= Li Chongmei =

Chinese general and prince

Li Chongmei (李重美) (died January 11, 937), formally the Prince of Yong (雍王), was an imperial prince of the Chinese Five Dynasties and Ten Kingdoms Period state Later Tang, as a son of its last emperor Li Congke.

== Background ==
It is not known when Li Chongmei was born — although he was both described by historians as "young, but as intelligent and agile as an adult" and self-described as a "child" even as of his death year, suggesting that he was not yet of adult age at that point. It is not known who his mother was, including whether she was Li Congke's wife Lady Liu (later empress) or not. He was Li Congke's second son. He married a daughter of general Fan Yanguang.

== During Li Congke's reign ==
In 934, Li Chongmei's father Li Congke overthrew his adoptive brother (Li Chongmei's uncle) Li Conghou, who was then emperor, and took the throne himself. As Li Chongmei's older brother Li Chongji (李重吉) and sister Li Huiming (李惠明) were executed by Li Conghou during Li Congke's rebellion, Li Chongmei was effectively Li Congke's only son (or oldest — although historical records did not suggest that Li Congke had any younger sons). Apparently shortly after Li Congke took the throne, he gave Li Chongmei the title of imperial guard general, and shortly after gave him the titles of military governor (Jiedushi) of Chengde Circuit (成德, headquartered in modern Shijiazhuang, Hebei), honorary chancellor designation of Tong Zhongshu Menxia Pingzhangshi (同中書門下平章事), mayor of Henan Municipality (河南, i.e., the region of the capital Luoyang), and commander of the imperial guards. His military governorship was later moved from Chengde to Tianxiong Circuit (天雄, headquartered in modern Handan, Hebei). (He did not appear to have reported to either circuit, and Tianxiong was later given to Empress Liu's brother, Liu Yanhao.)

In spring 936, Li Congke created Li Chongmei the Prince of Yong.

Not long after, Li Chongmei's uncle (the husband of his aunt the Princess of Jin), Shi Jingtang the military governor of Hedong Circuit (河東, headquartered in modern Taiyuan, Shanxi), rebelled with aid from the Khitan Empire. When the main Later Tang forces Li Congke sent to attack Shi, commanded by Zhang Jingda, was defeated and surrounded by the combined Khitan/Hedong forces, Li Congke's high-level officials were all pushing for him to personally lead the imperial army against Shi. Li Chongmei volunteered to go in his stead, stating:

Your Imperial Majesty's eye ailment is not cured, and should not be exposed to distant travels with wind and sand. Although your subject is but a child, I am willing to head north myself instead of Your Imperial Majesty.

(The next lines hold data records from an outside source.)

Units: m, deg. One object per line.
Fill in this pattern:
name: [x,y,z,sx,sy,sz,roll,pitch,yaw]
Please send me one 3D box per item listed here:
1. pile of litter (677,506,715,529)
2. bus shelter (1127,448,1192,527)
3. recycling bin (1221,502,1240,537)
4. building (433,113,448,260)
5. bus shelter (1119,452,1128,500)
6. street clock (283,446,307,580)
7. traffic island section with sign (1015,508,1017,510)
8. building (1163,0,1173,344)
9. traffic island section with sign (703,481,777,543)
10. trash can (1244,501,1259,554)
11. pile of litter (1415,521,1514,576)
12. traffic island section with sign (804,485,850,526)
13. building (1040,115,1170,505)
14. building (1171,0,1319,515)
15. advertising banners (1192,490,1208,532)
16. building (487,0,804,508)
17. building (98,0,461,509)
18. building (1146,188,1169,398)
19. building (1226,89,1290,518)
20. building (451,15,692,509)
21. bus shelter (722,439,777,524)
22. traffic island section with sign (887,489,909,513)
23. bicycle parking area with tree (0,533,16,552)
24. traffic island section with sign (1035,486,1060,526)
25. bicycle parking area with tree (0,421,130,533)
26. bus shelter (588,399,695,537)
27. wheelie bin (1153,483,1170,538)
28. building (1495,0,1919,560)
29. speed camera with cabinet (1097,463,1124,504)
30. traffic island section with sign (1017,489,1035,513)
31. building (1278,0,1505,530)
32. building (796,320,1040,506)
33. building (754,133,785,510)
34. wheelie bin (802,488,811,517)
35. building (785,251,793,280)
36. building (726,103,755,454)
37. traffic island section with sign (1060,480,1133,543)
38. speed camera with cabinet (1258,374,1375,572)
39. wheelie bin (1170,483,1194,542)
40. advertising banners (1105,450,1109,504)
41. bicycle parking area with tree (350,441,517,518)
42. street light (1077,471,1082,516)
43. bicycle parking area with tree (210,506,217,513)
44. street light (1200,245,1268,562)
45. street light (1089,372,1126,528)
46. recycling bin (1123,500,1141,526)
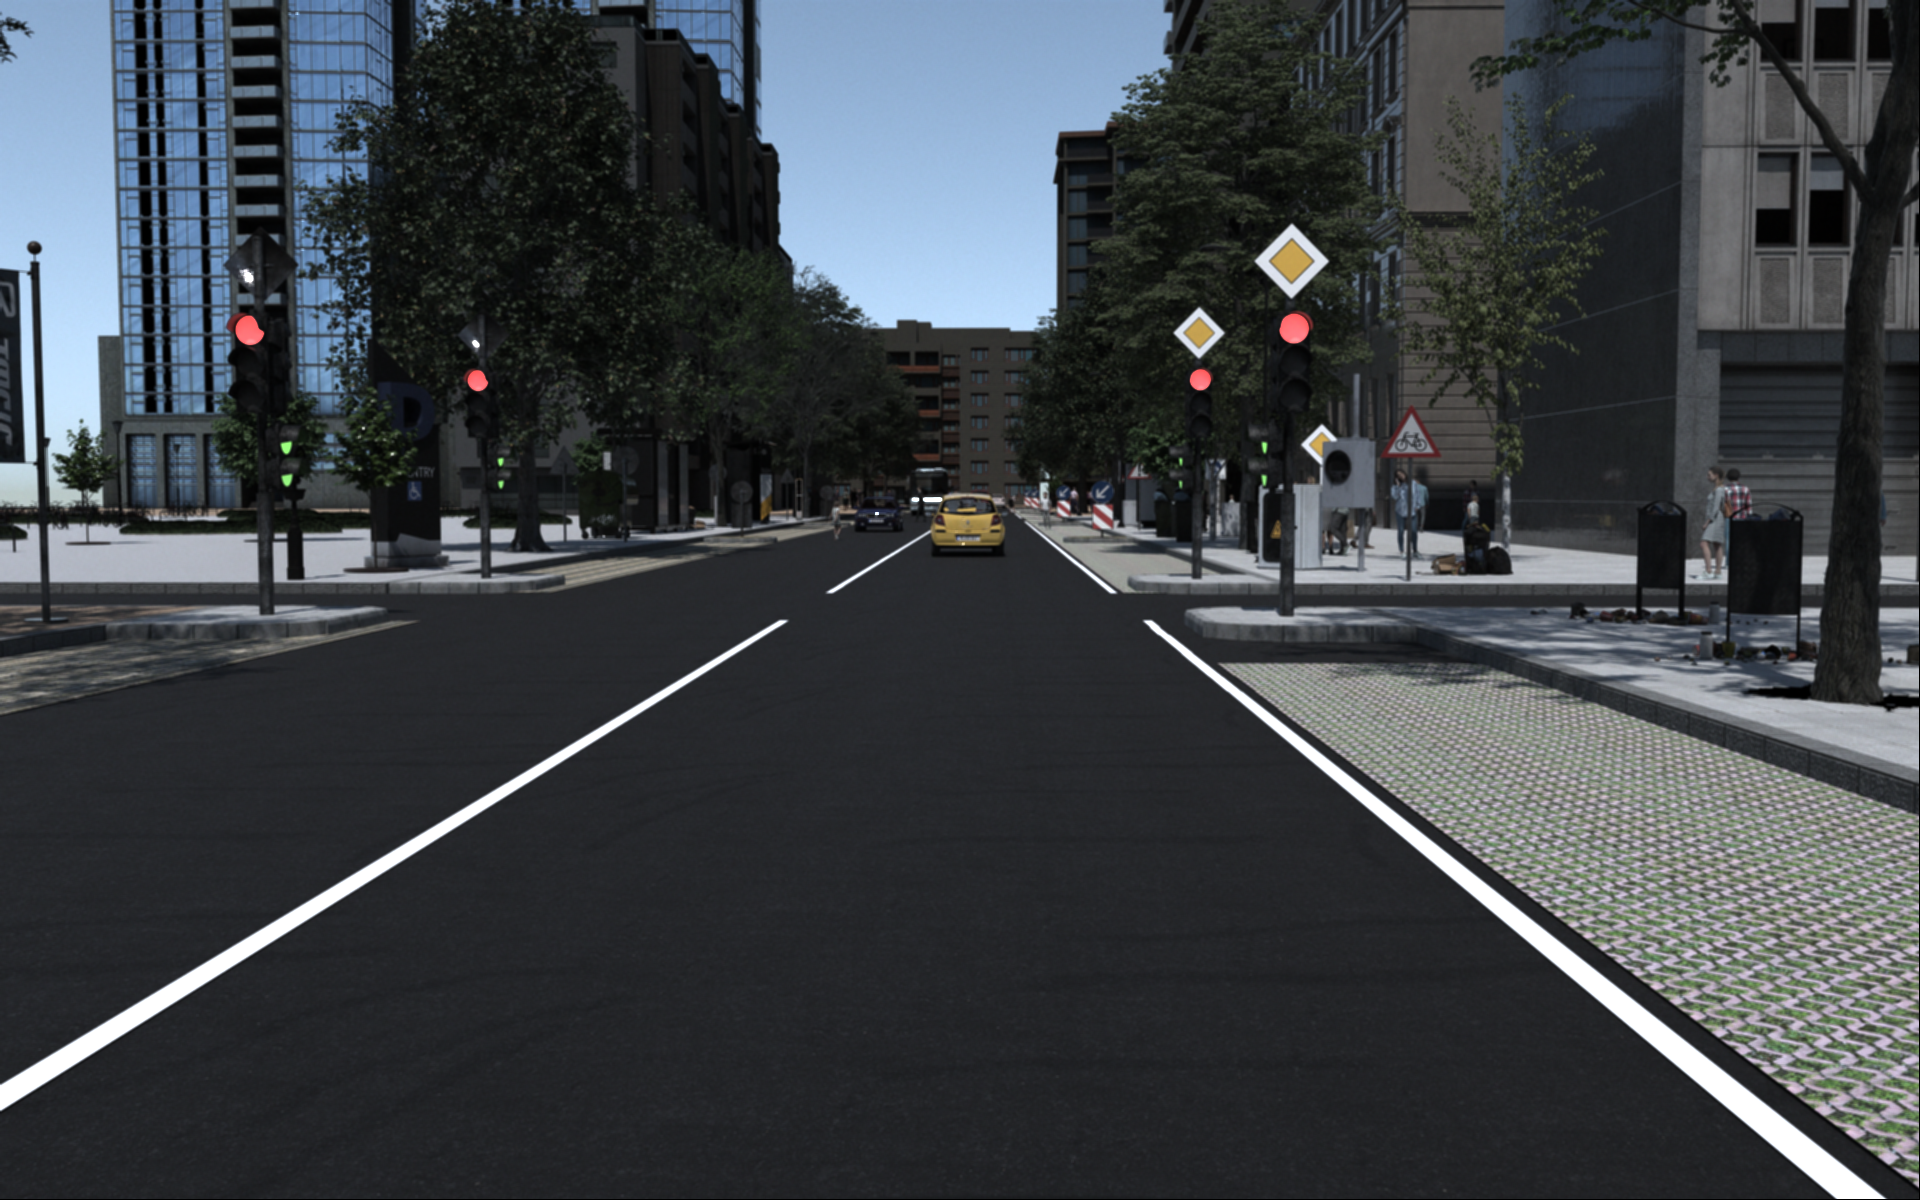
pile of litter: [-9.832,-3.033,63.548,1.719,0.858,1.176,0,4,-7]
bus shelter: [7.525,-4.284,63.960,2.014,3.302,5.546,0,4,1]
recycling bin: [8.228,-2.412,51.989,0.722,1.027,0.722,0,4,1]
building: [-63.349,-35.785,204.693,30.456,49.044,23.786,0,4,1]
bus shelter: [7.852,-4.821,72.740,2.014,3.302,5.546,0,4,1]
street clock: [-9.953,-1.304,25.898,0.358,2.002,0.471,0,4,1]
traffic island section with sign: [5.948,-9.007,155.890,1.989,1.847,2.006,0,4,1]
building: [28.138,-31.768,139.021,23.786,49.044,30.456,0,4,1]
traffic island section with sign: [-6.458,-2.607,51.255,1.989,1.847,2.006,0,4,1]
trash can: [6.498,-1.574,37.387,0.748,1.137,0.748,0,3,0]
pile of litter: [8.094,-0.843,27.743,1.719,0.858,1.176,0,4,-3]
traffic island section with sign: [-5.978,-4.256,78.206,1.989,1.847,2.006,0,4,1]
building: [23.950,-33.530,202.845,28.867,44.769,22.147,0,4,1]
building: [25.512,-29.898,112.529,21.300,48.544,21.600,0,4,1]
advertising banners: [8.090,-3.869,59.440,0.090,3.025,2.074,-1,4,-14]
building: [-30.508,-51.657,157.270,31.000,86.520,22.319,0,4,1]
building: [-62.023,-51.687,157.750,31.000,86.520,22.319,0,4,1]
building: [24.061,-23.866,161.905,14.160,30.474,14.107,0,4,1]
building: [21.617,-16.113,93.120,12.332,23.373,15.834,0,4,1]
building: [-22.969,-20.609,108.652,14.160,30.474,14.107,0,4,1]
bus shelter: [-9.430,-5.283,77.655,1.731,3.624,6.357,0,4,1]
traffic island section with sign: [-5.058,-7.362,129.004,1.989,1.847,2.006,0,4,1]
bicycle parking area with tree: [-25.437,-3.056,36.973,8.231,4.147,9.016,-3,5,-44]
traffic island section with sign: [4.559,-4.274,78.504,1.989,1.847,2.006,0,4,1]
bicycle parking area with tree: [-34.666,-4.842,66.171,8.231,4.147,9.016,-3,5,-43]
bus shelter: [-10.443,-4.814,56.344,2.179,5.291,8.768,0,4,1]
wheelie bin: [6.125,-2.653,51.278,0.693,1.594,0.980,3,5,42]
building: [23.995,-13.514,38.980,19.932,24.808,12.078,0,4,1]
speed camera with cabinet: [8.264,-6.170,95.211,0.660,3.252,2.038,-2,4,-25]
traffic island section with sign: [5.450,-7.339,128.627,1.989,1.847,2.006,0,4,1]
building: [21.447,-16.838,72.568,12.463,27.353,25.104,0,4,1]
building: [-5.259,-22.121,206.723,28.899,21.520,27.650,0,4,1]
building: [-21.994,-22.330,136.801,14.160,30.474,14.107,0,4,1]
wheelie bin: [-8.552,-5.310,94.730,0.693,1.594,0.980,0,4,2]
building: [-26.870,-26.237,200.675,14.107,30.474,14.160,0,4,1]
building: [-22.826,-21.470,122.733,14.160,30.474,14.107,0,4,1]
traffic island section with sign: [4.059,-2.604,51.201,1.989,1.847,2.006,0,4,1]
speed camera with cabinet: [5.951,-2.121,29.013,0.660,3.252,2.038,-3,5,-39]
wheelie bin: [6.037,-2.347,46.283,0.693,1.594,0.980,0,4,6]
advertising banners: [5.862,-4.465,69.196,0.090,3.025,2.074,0,4,8]
bicycle parking area with tree: [-27.317,-6.304,90.067,8.231,4.147,9.016,-1,4,-21]
street light: [6.457,-7.868,101.186,1.470,5.913,1.316,0,4,1]
bicycle parking area with tree: [-46.592,-6.752,97.396,8.231,4.147,9.016,-2,4,-33]
street light: [5.167,-3.661,32.399,1.470,5.913,1.316,0,4,1]
street light: [5.634,-5.731,66.239,1.470,5.913,1.316,0,4,1]
recycling bin: [6.862,-3.480,69.452,0.722,1.027,0.722,1,4,13]

Li Congke, who was hesitant to face Shi, initially was inclined to grant Li Chongmei's request, but the chancellor Zhang Yanlang, Liu Yanhao, and the director of palace affairs Liu Yanlang (劉延朗) were all urging Li Congke himself to go, and therefore he launched his army, but he advanced slowly, fearful of Shi. He left Li Chongmei in charge of Luoyang.

As continued news of Later Tang defeats were arriving at Luoyang (including the assassination of Zhang Jingda by his deputy Yang Guangyuan and Yang's subsequent surrender to Khitan/Hedong forces, as well as the defeat of another Later Tang army, commanded by Zhao Dejun), the people in the city were panicking and trying to leave the city and hide in mountains and valleys nearby. The guards at the city gates were initially inclined to stop them. Li Chongmei, however, stated:

The state is suffering disasters and unable to protect the people. If we stop them from saving themselves, we will only be hurting our reputation. It is better to let them go. If things calm down, they will return.

He thus opened the gates and allowed the people to leave, which actually served to calm the people's hearts.

Shortly after, Li Congke returned to Luoyang, trying to mount a defense there, but with Shi approaching Luoyang and his generals submitting to Shi in droves, Li Congke gathered his family members and a number of officers still loyal to him and prepared to commit suicide by fire at Xuanwu Tower (玄武樓). Empress Liu, however, also planned to burn down the entire palace complex. Li Chongmei persuaded her not to, stating to her, "The new Son of Heaven surely cannot sleep under open air. He would only, at a future time, expend the energy of the people to rebuild. How is it that we should die and leave the people to hate us?" Shortly after, Li Congke's family, including Empress Liu and Li Chongmei, committed suicide by fire.

== Notes and references ==

- Old History of the Five Dynasties, vol. 51.
- New History of the Five Dynasties, vol. 16.
- Zizhi Tongjian, vols. 279, 280.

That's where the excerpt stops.